15 mars 2011

Crise humanitaire en Côte d’Ivoire : soutenir les populations déplacées.

Reuters / Luc Gnago

Depuis les élections présidentielles qui ont opposé Alassane Ouattara et Laurent Gbagbo en décembre dernier, la Côte d’Ivoire est enlisée dans une grave crise humanitaire.
Les affrontements qui ont éclaté le 24 février entre les deux camps ne cessent de s’intensifier dans le sud du pays.

Le bilan que dressent les observateurs est lourd : près de 360 personnes sont mortes ; 40% de la population ivoirienne se trouvent désormais en dessous du seuil de pauvreté; 35% des enfants souffrent de malnutrition et les écoles fermées depuis novembre privent plus de 800 000 enfants d’éducation.

Au total, près de 326 000 ivoiriens ont fui les combats. 84 000 ont traversé les frontières pour trouver refuge au Liberia, en Guinée ou, dans une moindre mesure, au Mali.
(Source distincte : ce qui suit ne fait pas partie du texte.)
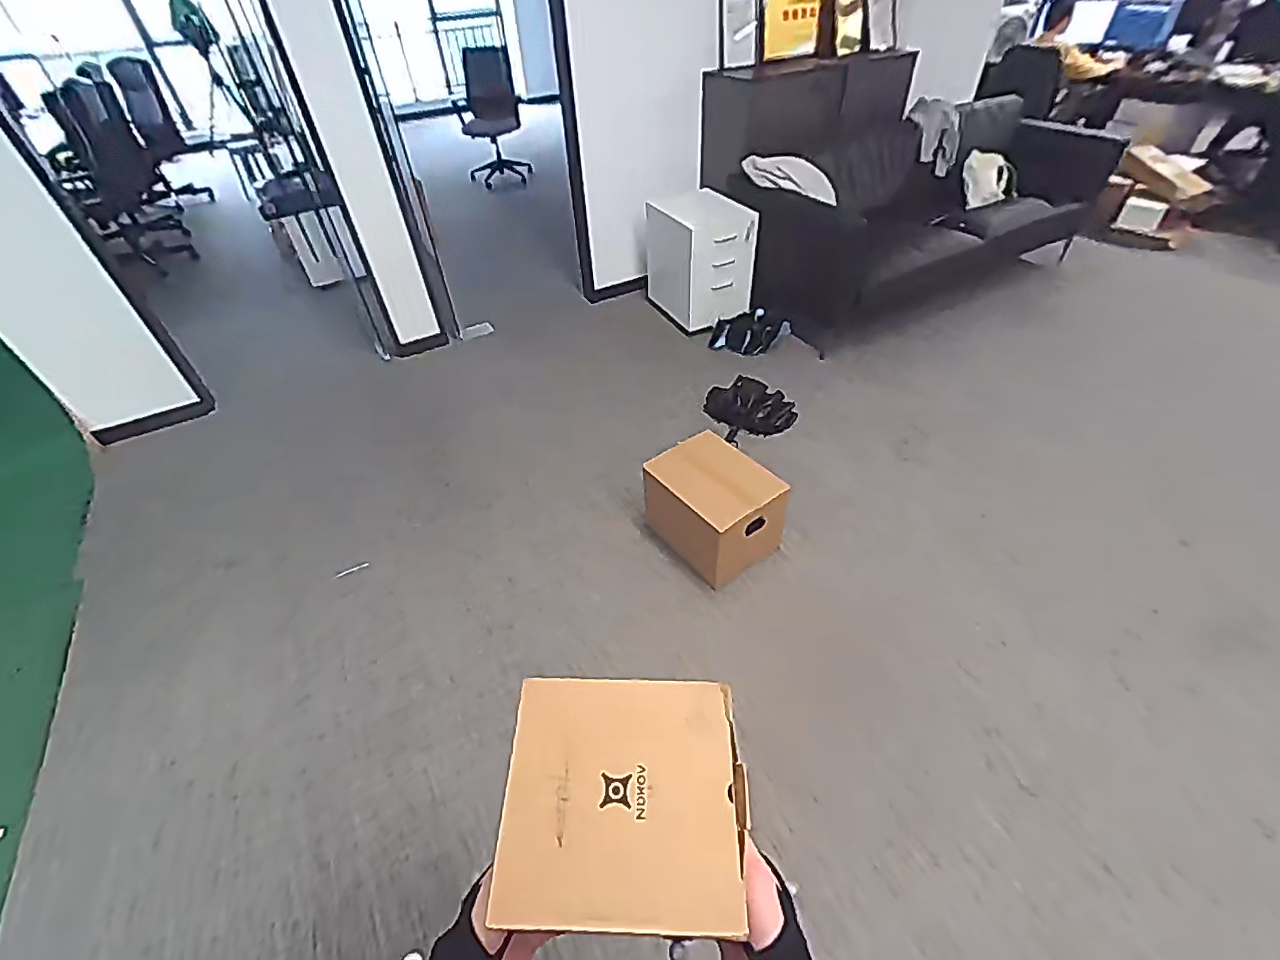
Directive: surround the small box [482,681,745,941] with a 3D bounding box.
[{"bbox_3d":[-0.015,0.284,0.465,0.179,0.176,0.168,-1,50,2],"label":"small box"}]

Les autres, les « ivoiriens déplacés », se réfugient principalement à l’ouest de la Côte d’Ivoire (42 000 personnes) et à Abidjan (200 000 personnes). Ils sont accueillis chez les habitants ou dans des camps.

Les Nations Unies et les ONG ont identifié des besoins humanitaires urgents dans six domaines :
• Hygiène, eau et assainissement : dans de nombreuses villes, la collecte d’ordures a cessé et la pollution de l’eau dans les camps augmente les risques de cholera, typhoïde, fièvre jaune et malaria.
• Santé : plus de 300 cas de choléra ont déjà été détectés.
• Abris: de fortes pluies ont détruit les habitations.
• Alimentation : des milliers d’enfants souffrent de malnutrition.
• Gestion des camps: les camps peinent à fonctionner correctement par manque de coordination
• Sécurité : de nombreux cas de violences sexuelles ont été enregistrés.

CARE, présente en Côte d’Ivoire depuis 2003, souhaite apporter une aide d’urgence à près de 41 000 personnes à Duekoué et Man, principales villes à l’ouest du pays accueillant les camps, et concentrer ses efforts dans les secteurs de l’hygiène et de l’assainissement.